The ACE Philosophy and Dementia Capable Caregiving
by Catherine Harris PhD, RNCS
The physical and emotional difficulties in caring for a person with Alzheimer’s disease (AD) cannot be underestimated. However, the research literature, recognized experts, and the National Alzheimer’s Association (AA) support key and basic principles of caregiving that will minimize the behavior problems associated with AD. When activities of daily living (ADLs) are conducted with these principles in mind, the risk of a catastrophic reaction, combativeness, or sundowning are greatly reduced. The principles include the Cornerstones of the ACE Philosophy (AA) and the Foundations of Caregiving (University of Arizona, Tucson).
THE ACE PHILOSOPHY
The acronym ACE stands for the Alzheimer Association’s Alzheimer Care Enrichment philosophy. This philosophy states that people are unique and bring to the caregiving situation different life experiences, values, abilities, preferences, relationships and needs. This uniqueness shapes the experience of Alzheimer’s disease for the person and those who interact with them. In addition, the manifestation of Alzheimer’s disease is a multifaceted disease and manifests itself differently for each individual. Care for the person occurs within the context of their relationship with the caregiver, the relationship of the caregiver with the family, their relationship with other persons with dementia and the relationship within and between families. These premises mandate individualized care.
Cornerstones of the ACE philosophy include the following:
- The care provided to persons with Alzheimer’s disease must be individualized, reflecting the person’s concerns, life history, meaning, relationships, emotions, thoughts, current needs, strengths, and preferences.
- Care of the person with AD must demonstrate compassion and concern for the individual; Care of the person with AD must be directed at enriching the life of the individual through meaning activities and relationships; and Promoting autonomy for the person with AD remains essential through all stages of the disease.

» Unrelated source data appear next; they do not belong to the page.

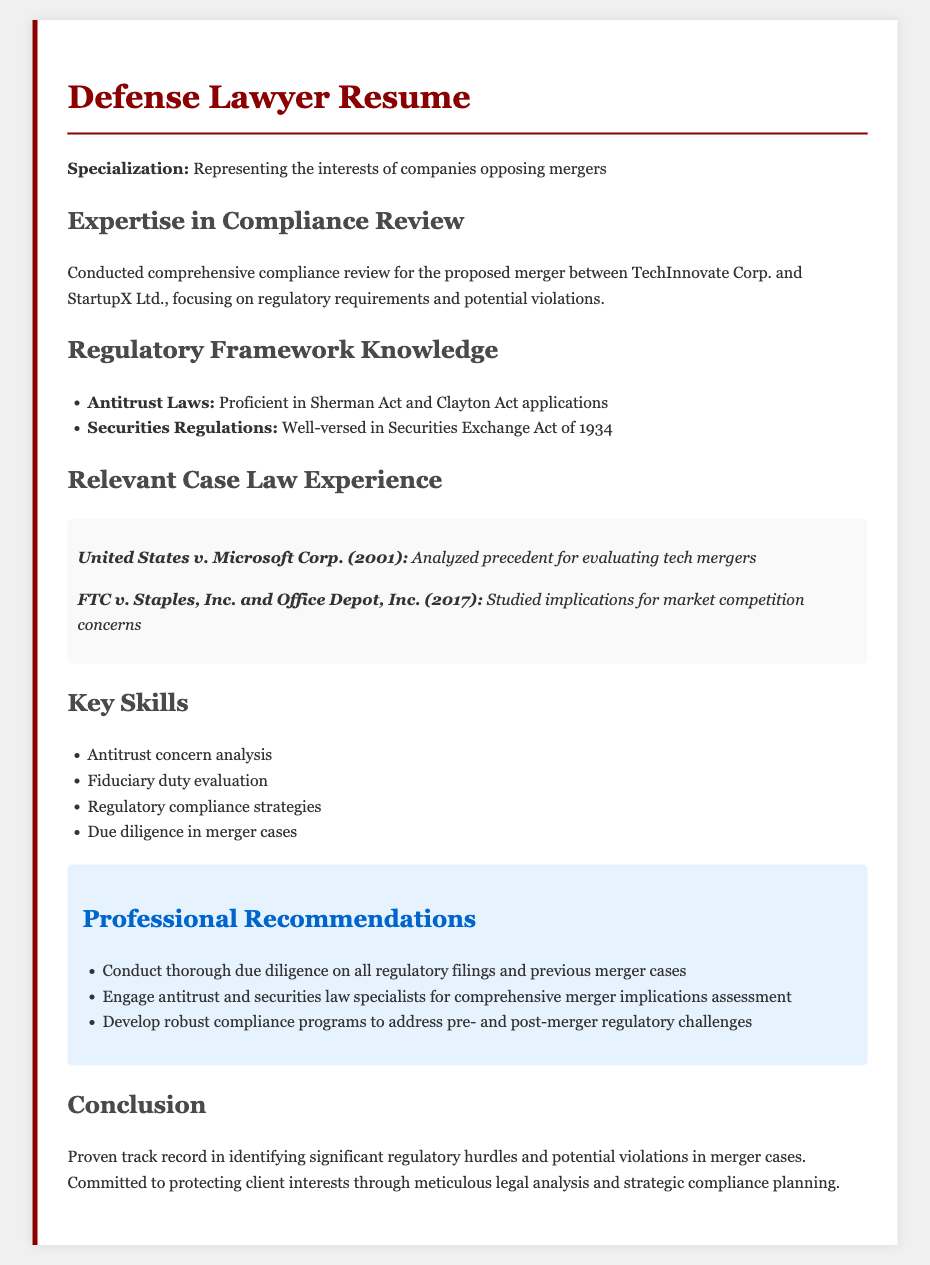What is the name of the company opposing the merger? The company opposing the merger is referenced as "TechInnovate Corp." in the document.
Answer: TechInnovate Corp What is one regulatory framework mentioned in the document? The document lists "Antitrust Laws" as one of the regulatory frameworks.
Answer: Antitrust Laws Which act is mentioned under Securities Regulations? The document mentions the "Securities Exchange Act of 1934" under Securities Regulations.
Answer: Securities Exchange Act of 1934 What year was the United States v. Microsoft Corp. case? The case is stated to have occurred in the year 2001.
Answer: 2001 What type of evaluation is mentioned as a key skill? The document mentions "Fiduciary duty evaluation" as a key skill related to compliance review.
Answer: Fiduciary duty evaluation How many recommendations are provided in the resume? There are three recommendations listed in the document under the Professional Recommendations section.
Answer: Three What type of legal issues does the lawyer have a proven track record in identifying? The lawyer has a proven track record in identifying "significant regulatory hurdles" related to merger cases.
Answer: Significant regulatory hurdles What is the primary focus of the compliance review conducted? The focus of the compliance review is on "regulatory requirements and potential violations."
Answer: Regulatory requirements and potential violations Which FTC case is analyzed for market competition concerns? The document references "FTC v. Staples, Inc. and Office Depot, Inc. (2017)" regarding market competition concerns.
Answer: FTC v. Staples, Inc. and Office Depot, Inc. (2017) 
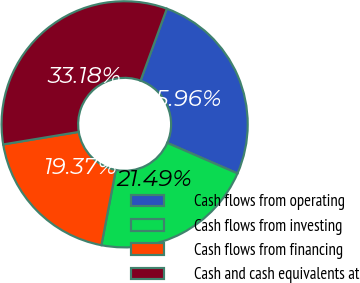Convert chart. <chart><loc_0><loc_0><loc_500><loc_500><pie_chart><fcel>Cash flows from operating<fcel>Cash flows from investing<fcel>Cash flows from financing<fcel>Cash and cash equivalents at<nl><fcel>25.96%<fcel>21.49%<fcel>19.37%<fcel>33.18%<nl></chart> 
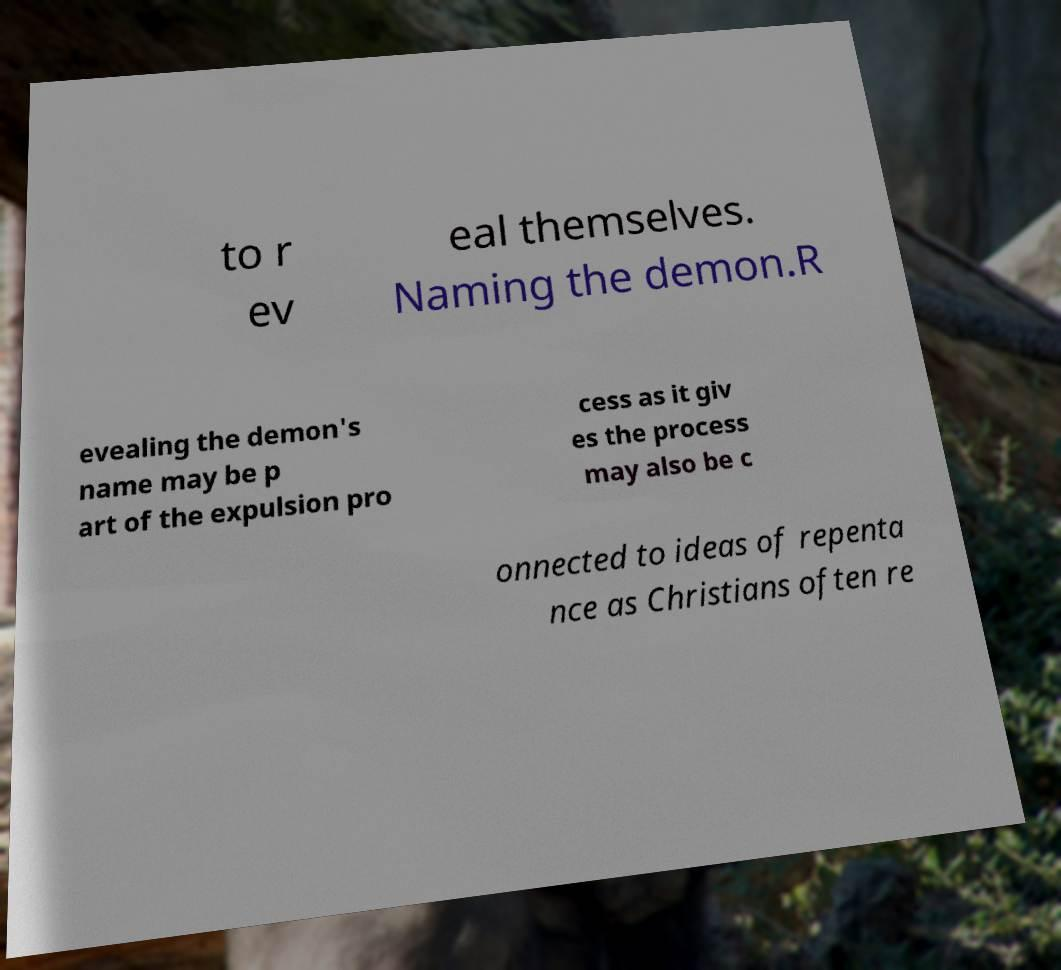Could you assist in decoding the text presented in this image and type it out clearly? to r ev eal themselves. Naming the demon.R evealing the demon's name may be p art of the expulsion pro cess as it giv es the process may also be c onnected to ideas of repenta nce as Christians often re

Underlying these cornerstones are basic beliefs that direct the care of persons with AD. For example, it is believed that all behavior has meaning and instructs caregivers of underlying experiences or needs that may not be easily expressed in words. Truly individualized care requires a paradigm shift from control of behavior to one more attuned to allowing and supporting the person to be his or her unique self. Changes in functional ability are both part of the disease process and the result of excess disability, demanding that caregivers continuously assess, adjust, and personalize caregiving routines. Meeting the person in their reality is more effective and compassionate then expecting them to enter our reality. Finally, one of the greatest challenges is balancing safety and autonomy, allowing the person to be “at risk” in reasonable, predictable ways. This is an important way of communicating respect for the person.